A number of household amenities (or assets) are used as markers of material circumstances. These often include features such as access to hot and cold water in the house, having central heating and carpets, sole use of bathrooms and toilets, whether the toilet is inside or outside the home, and having a refrigerator, washing machine, or telephone. These household amenities are seen as direct measures of socioeconomic position (SEP) but they may also be seen as important because they may be associated with health outcomes through specific aetiological mechanisms. For example, lack of running water or lack of a household toilet may be associated with increased risk of infection.
The meaning of these amenities will vary by context and cohort. Very few people in contemporary advanced industrial societies will be without running hot water, an indoor toilet or bathroom facilities and, therefore, these measures are not able to differentiate individuals within these populations. However, such measures may still have relevance as indicators of childhood SEP among older adults living in the UK.
The census in the UK has traditionally included questions on household amenities. In 1971, for example, it included whether the household had a cooker, sink, bath/shower, toilet and central heating. The list of amenities included has decreased since 1971, reflecting the fact that some amenities have become features of virtually all households and hence no longer distinguish SEP. In non-industrialised countries, assets that have been used as indicators of SEP in health-related research include the number of livestock, owning a bicycle, refrigerator, radio, sewing machine, television or clock
One or a combination of age, period or cohort effects may drive changes in trends over time, for example, producing a widening or narrowing of socioeconomic differences in an outcome or leading to an increase or decrease in an outcome for one socioeconomic group alone.
Age effects mean that the change occurs in all individuals at a particular age irrespective of when they were born or the current time period. For example, an increase in socioeconomic differentials occurring at the age of retirement (irrespective of what time period is being examined or which birth cohort individuals were born in) would be described as an age effect.

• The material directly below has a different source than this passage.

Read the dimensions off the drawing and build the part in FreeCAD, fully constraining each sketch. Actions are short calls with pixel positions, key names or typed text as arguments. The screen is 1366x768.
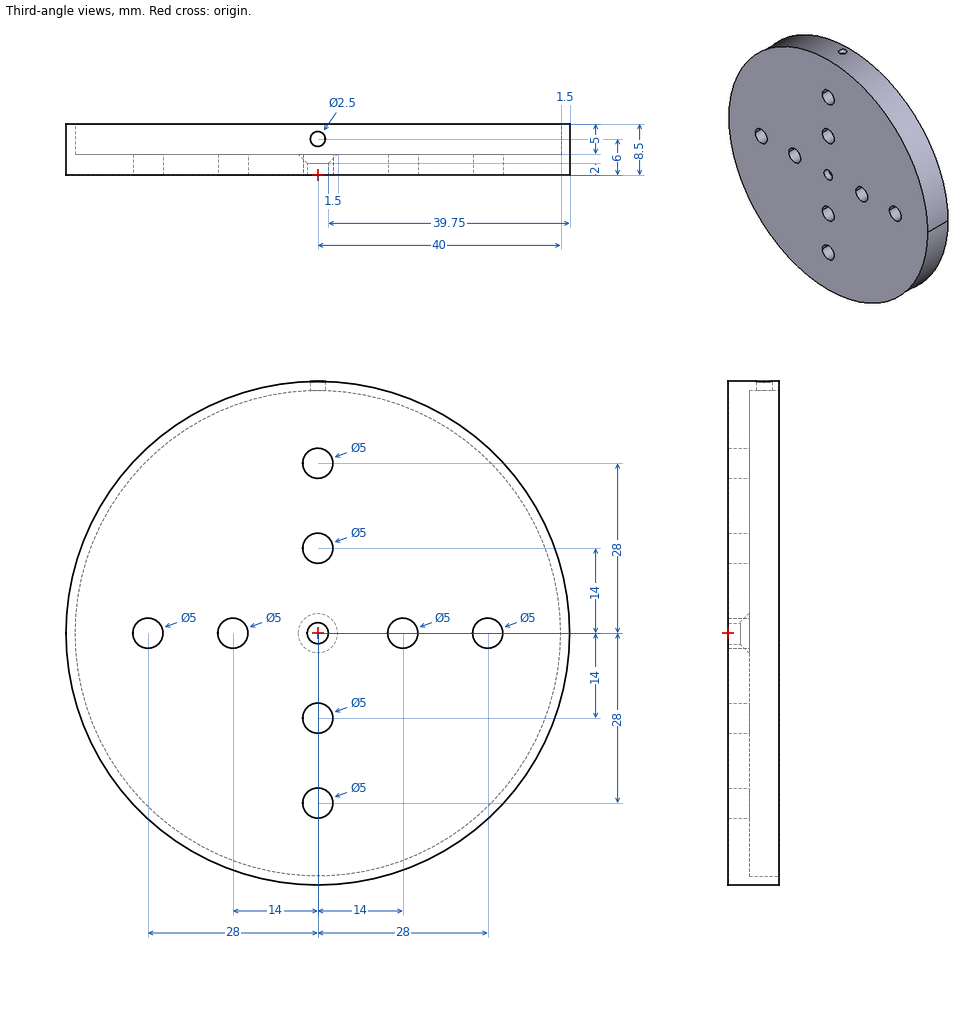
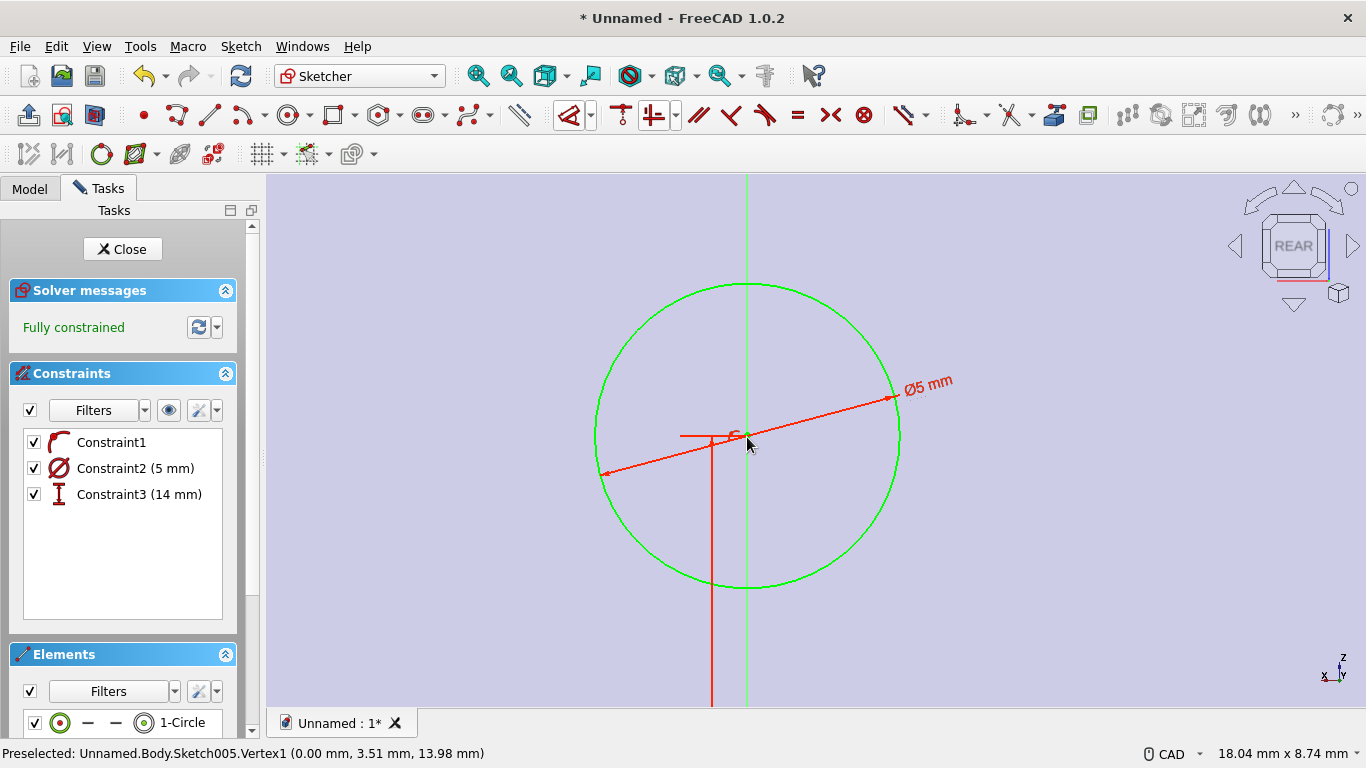
click(123, 249)

A cohort is a group of people defined by a particular attribute (or set of attributes). In the context of age-period cohort effects, ‘cohort’ refers to birth cohort. Thus, the group (cohort) are defined by the period (usually the year) in which they were born.

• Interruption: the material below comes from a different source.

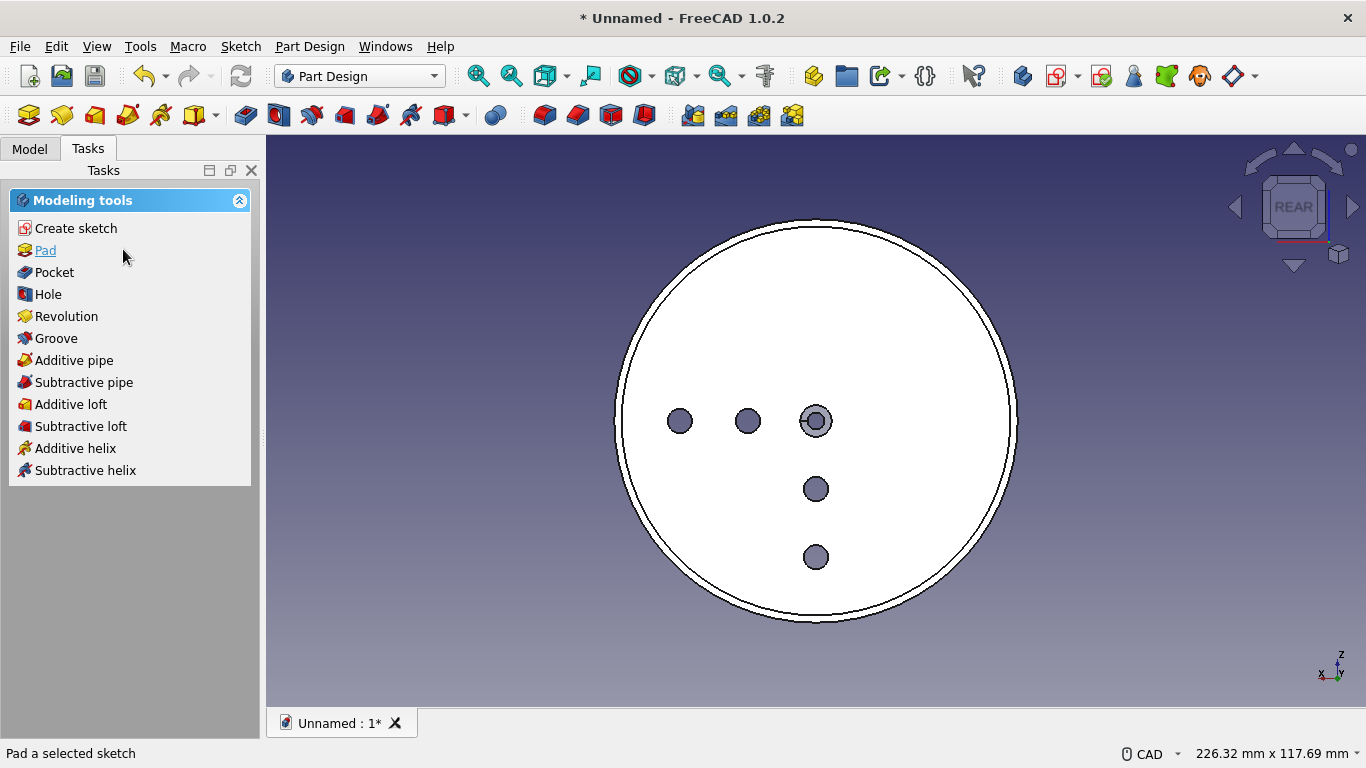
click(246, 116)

Cohort analysis is the tabulation and analysis of data, such as morbidity and mortality rates or educational outcomes, in relation to the birth cohorts of the individuals concerned.

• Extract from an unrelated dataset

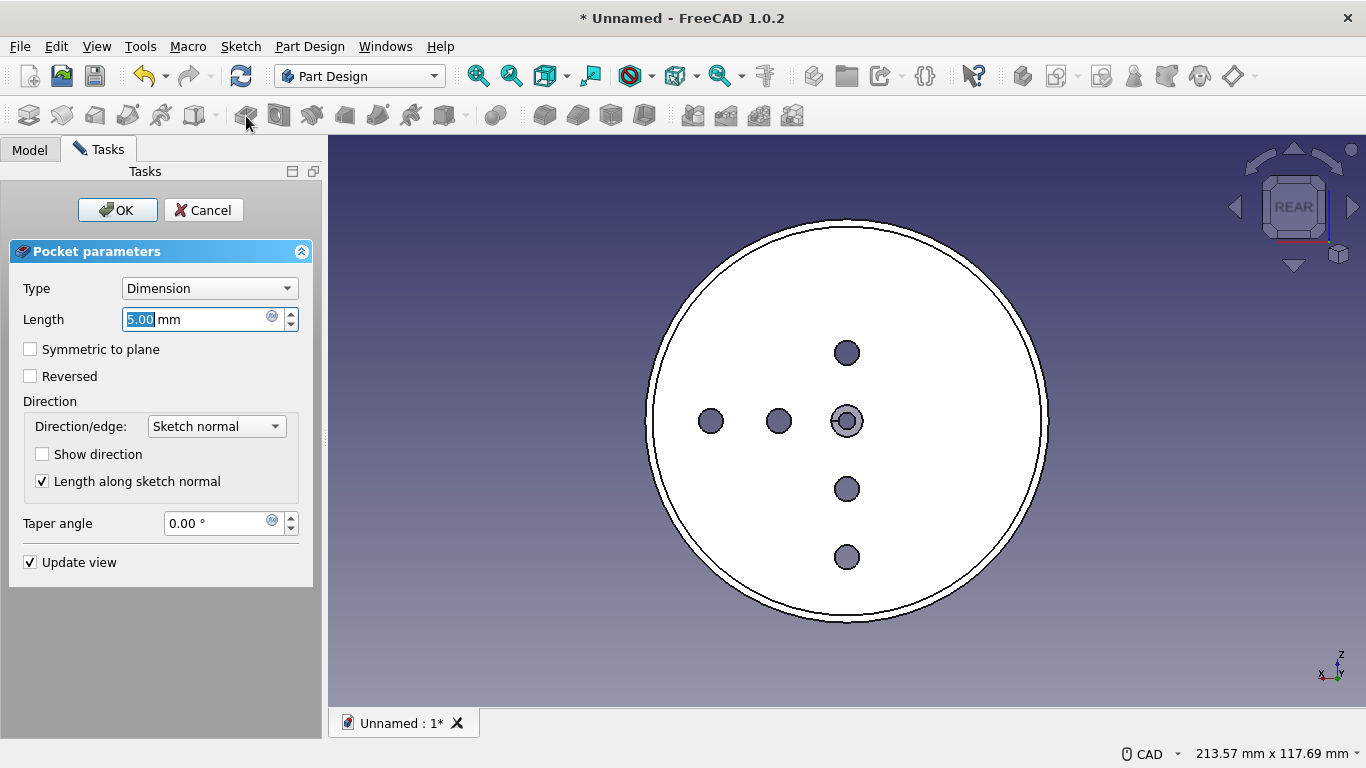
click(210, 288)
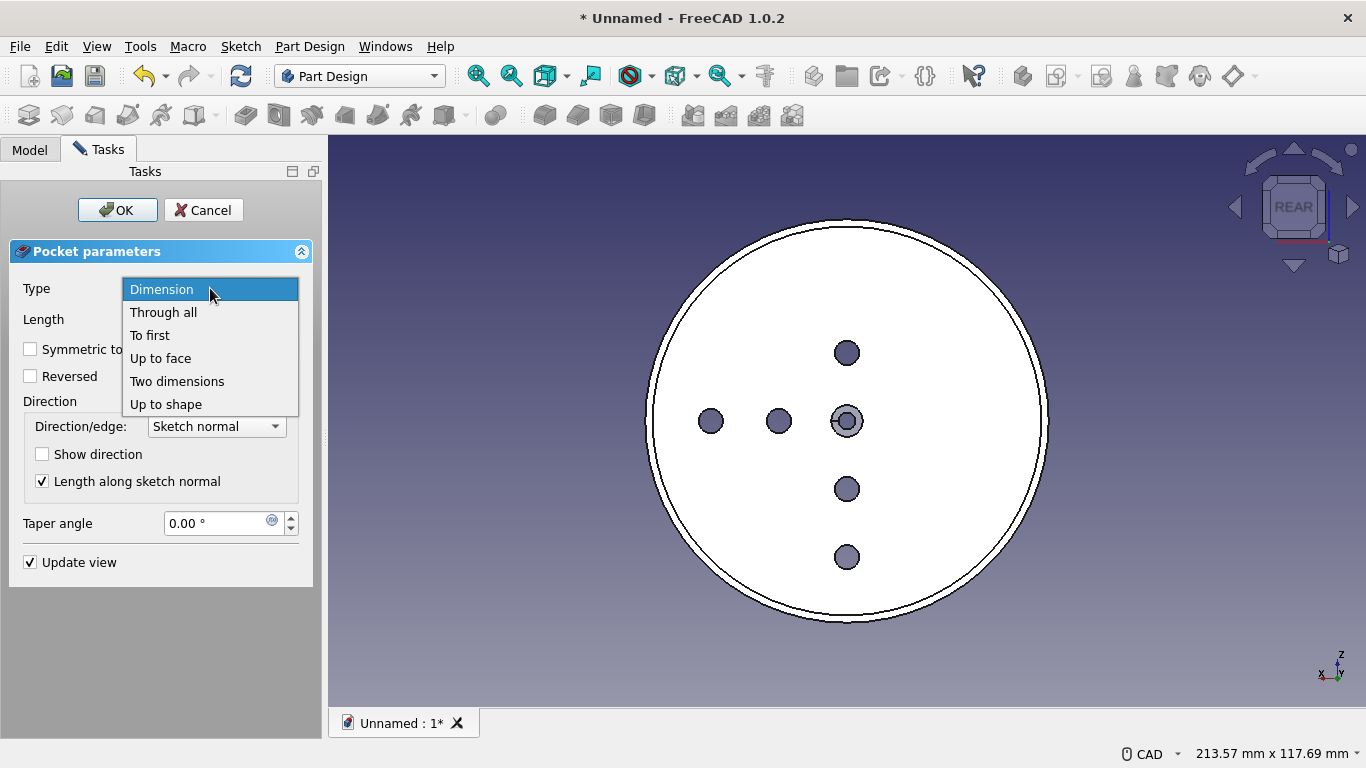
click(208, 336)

Cohort effect (also known as generational effect) refers to variations in health status that arise from the different causal factors to which each birth cohort in the population is exposed. Every birth cohort is exposed to different social and environmental circumstances that coincide with its life span. Because the meaning of socioeconomic measurements varies by birth cohorts (for example, a female who was born in 1910 obtaining a university degree is likely to have been from a different social stratum to a female born in 1975 obtaining a university degree) cohort effects are important to consider when examining the association of socioeconomic position (SEP) with health and other outcomes.